Never test low-impact variables first. You'll waste samples before finding the real wins.

Testing Subject Lines (Highest Impact)

Subject lines determine open rate. Open rate determines everything else.

Test structure:

Variant A (baseline): [Current subject line that gets 45% opens]

Variant B (test): [New subject line with different formula]

Sample size: 50-100 prospects each

Duration: 3-5 days

Example test:

Variant A: "hi john, noticed you launched [product]" (45% open rate)

Variant B: "quick thought on [industry]" (52% open rate)

Winner: Variant B (+7 percentage points)

This 7-point improvement compounds. Across 10,000 email prospects, that's 700 additional opens. 700 additional opens means 7-35 additional replies (at 1-5% reply rate).

That's 7-35 additional customers from changing one word.

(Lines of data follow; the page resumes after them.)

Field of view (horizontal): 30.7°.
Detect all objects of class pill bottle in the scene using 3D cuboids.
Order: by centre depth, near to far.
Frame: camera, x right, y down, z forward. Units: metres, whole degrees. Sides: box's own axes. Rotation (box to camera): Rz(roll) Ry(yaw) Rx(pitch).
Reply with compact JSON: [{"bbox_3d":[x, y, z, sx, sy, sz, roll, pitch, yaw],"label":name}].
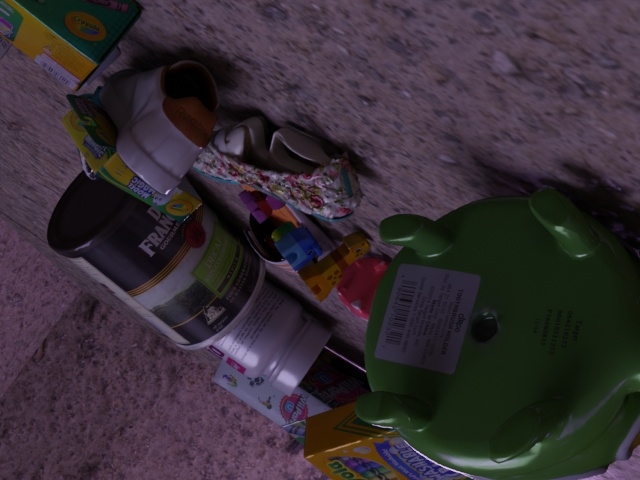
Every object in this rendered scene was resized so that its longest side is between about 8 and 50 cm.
[{"bbox_3d":[-0.132,0.137,2.020,0.283,0.160,0.160,34,166,3],"label":"pill bottle"}]

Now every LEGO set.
[{"bbox_3d":[0.000,0.000,1.422,0.087,0.093,0.227,54,180,34],"label":"LEGO set"}]

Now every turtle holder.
[{"bbox_3d":[0.205,0.082,0.983,0.320,0.243,0.227,-26,147,29],"label":"turtle holder"}]

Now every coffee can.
[{"bbox_3d":[-0.246,0.011,1.776,0.275,0.201,0.201,43,164,-34],"label":"coffee can"}]

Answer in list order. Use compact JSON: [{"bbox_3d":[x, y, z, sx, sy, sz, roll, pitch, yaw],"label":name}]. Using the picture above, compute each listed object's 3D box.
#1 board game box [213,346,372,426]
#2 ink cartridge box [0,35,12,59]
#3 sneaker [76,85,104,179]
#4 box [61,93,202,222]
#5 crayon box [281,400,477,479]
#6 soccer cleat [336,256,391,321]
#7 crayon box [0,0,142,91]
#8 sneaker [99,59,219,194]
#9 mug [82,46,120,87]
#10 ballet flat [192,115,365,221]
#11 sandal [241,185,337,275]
[{"bbox_3d":[-0.012,0.282,2.173,0.303,0.097,0.224,31,-161,21],"label":"board game box"},{"bbox_3d":[-0.528,-0.322,1.539,0.218,0.092,0.158,30,166,12],"label":"ink cartridge box"},{"bbox_3d":[-0.282,-0.144,1.512,0.110,0.107,0.275,48,176,-1],"label":"sneaker"},{"bbox_3d":[-0.219,-0.093,1.319,0.179,0.043,0.105,37,-167,-52],"label":"box"},{"bbox_3d":[0.120,0.338,1.897,0.323,0.083,0.203,-22,133,27],"label":"crayon box"},{"bbox_3d":[0.118,0.084,1.435,0.248,0.083,0.095,16,162,46],"label":"soccer cleat"},{"bbox_3d":[-0.334,-0.284,1.228,0.278,0.081,0.165,38,166,-14],"label":"crayon box"},{"bbox_3d":[-0.165,-0.149,1.291,0.106,0.123,0.290,39,-172,-28],"label":"sneaker"},{"bbox_3d":[-0.286,-0.218,1.379,0.078,0.064,0.062,27,165,31],"label":"mug"},{"bbox_3d":[-0.051,-0.092,1.262,0.241,0.091,0.077,21,131,33],"label":"ballet flat"},{"bbox_3d":[-0.063,-0.015,1.516,0.102,0.076,0.265,24,163,38],"label":"sandal"}]
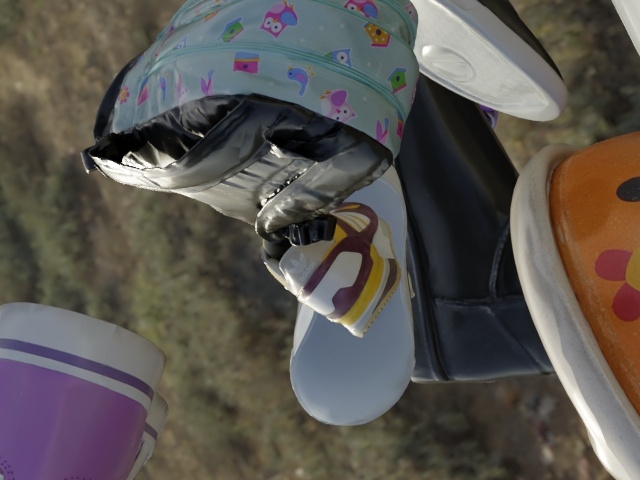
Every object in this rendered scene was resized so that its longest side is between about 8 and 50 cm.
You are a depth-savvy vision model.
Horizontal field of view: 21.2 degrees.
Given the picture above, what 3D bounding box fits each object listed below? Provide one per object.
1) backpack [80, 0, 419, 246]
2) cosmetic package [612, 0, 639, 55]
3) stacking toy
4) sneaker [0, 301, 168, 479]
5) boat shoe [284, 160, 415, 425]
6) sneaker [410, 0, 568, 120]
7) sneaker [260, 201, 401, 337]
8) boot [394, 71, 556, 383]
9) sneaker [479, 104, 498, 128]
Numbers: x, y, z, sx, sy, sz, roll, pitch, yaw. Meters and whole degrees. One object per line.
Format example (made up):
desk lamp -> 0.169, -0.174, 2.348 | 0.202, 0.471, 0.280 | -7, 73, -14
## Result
backpack -> -0.027, -0.075, 0.890 | 0.182, 0.152, 0.115 | -22, 56, 62
cosmetic package -> 0.490, -0.338, 1.696 | 0.327, 0.329, 0.393 | 57, 172, -27
stacking toy -> 0.402, -0.018, 1.166 | 0.480, 0.350, 0.350 | -34, 79, 24
sneaker -> -0.139, 0.128, 0.792 | 0.282, 0.102, 0.161 | 110, 174, -77
boat shoe -> 0.024, 0.029, 1.484 | 0.105, 0.113, 0.306 | -89, -5, -50
sneaker -> 0.080, -0.216, 1.177 | 0.296, 0.147, 0.104 | 38, 157, -9
sneaker -> 0.000, 0.000, 1.162 | 0.084, 0.069, 0.185 | 34, -173, -15
boot -> 0.277, -0.046, 1.556 | 0.445, 0.146, 0.367 | -5, 104, 30
sneaker -> 0.160, -0.154, 1.866 | 0.104, 0.236, 0.095 | 29, 141, 34
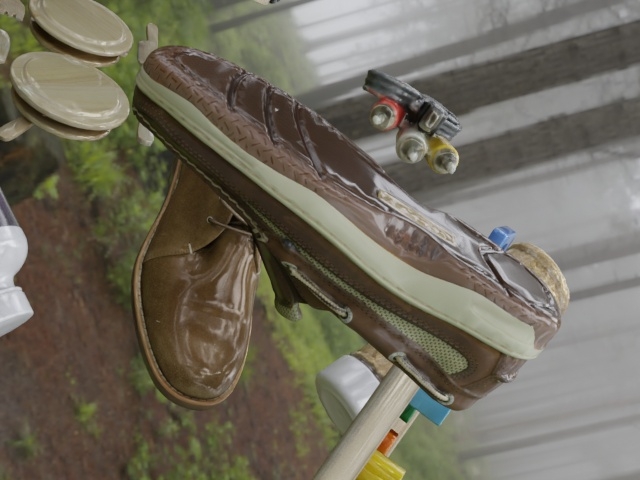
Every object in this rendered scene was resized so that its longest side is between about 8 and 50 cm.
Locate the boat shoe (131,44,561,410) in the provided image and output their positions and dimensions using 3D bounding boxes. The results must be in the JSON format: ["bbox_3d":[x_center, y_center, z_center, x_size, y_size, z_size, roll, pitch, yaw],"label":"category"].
[{"bbox_3d":[-0.002,0.003,0.531,0.257,0.095,0.095,36,23,0],"label":"boat shoe"}]

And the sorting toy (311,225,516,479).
[{"bbox_3d":[0.059,0.145,0.755,0.047,0.348,0.196,35,-2,14],"label":"sorting toy"}]

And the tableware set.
[{"bbox_3d":[-0.189,-0.130,0.760,0.039,0.128,0.194,-58,-156,30],"label":"tableware set"}]

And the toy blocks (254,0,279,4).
[{"bbox_3d":[-0.116,-0.413,0.871,0.260,0.288,0.309,42,15,16],"label":"toy blocks"}]

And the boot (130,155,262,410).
[{"bbox_3d":[-0.090,-0.006,0.881,0.115,0.112,0.305,-38,-140,50],"label":"boot"}]

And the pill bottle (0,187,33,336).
[{"bbox_3d":[-0.437,-0.037,1.076,0.323,0.181,0.181,62,8,3],"label":"pill bottle"}]

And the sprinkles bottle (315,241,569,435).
[{"bbox_3d":[0.166,0.135,1.331,0.121,0.355,0.121,47,-23,28],"label":"sprinkles bottle"}]

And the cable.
[{"bbox_3d":[0.105,-0.142,1.179,0.139,0.072,0.287,36,11,-1],"label":"cable"}]

Subject line tests we run:

  • Personalization (first name + achievement vs. generic)
  • Question format vs. statement format
  • Lowercase vs. Title Case
  • Short vs. specific
  • Different achievement angles

Testing Opening Lines (Second Highest Impact)

Opening line determines whether they read past the first sentence.

Test structure:

Email 1, Variant A: [Opening line A] + [rest of email unchanged]

Email 1, Variant B: [Opening line B] + [rest of email unchanged]

Sample size: 100 prospects each

Duration: 3-5 days

Metric: Open rate from click to read percentage (hard to track without advanced tools)

Alternative: Track reply rate as proxy for "engagement with content"

Example test:

Variant A: "I noticed you launched [product] last month." (1.2% reply rate)

Variant B: "Most SaaS founders spend 15 hours/week on prospecting. You probably do too." (1.8% reply rate)

Winner: Variant B (+0.6 percentage points reply rate)

0.6 points seems small. Across 10,000 prospects, it's 60 additional replies.

Opening line tests we run:

  • Specific personalization vs. general observation
  • Problem-first vs. achievement-first
  • Curiosity gap vs. direct statement
  • Industry pattern vs. company-specific observation

Testing Value Statements (Medium Impact)

Value statement is your chance to prove relevance before the pitch.

Test structure:

Email 1, Variant A: [Value statement A]

Email 1, Variant B: [Value statement B]

Metric: Email 1 reply rate or Email 2 open rate (if they engage with Email 1, they'll engage with Email 2)

Example test:

Variant A: "We help SaaS teams automate their prospecting and save 12 hours/week." (2% Email 1 reply)

Variant B: "One of your competitors just booked 8 qualified deals this month using [tactic]." (2.8% Email 1 reply)

Winner: Variant B (social proof outperforms direct benefit)

This changes your entire Email 1 strategy. Across campaigns, social proof hooks outperform benefit hooks by 20-40%.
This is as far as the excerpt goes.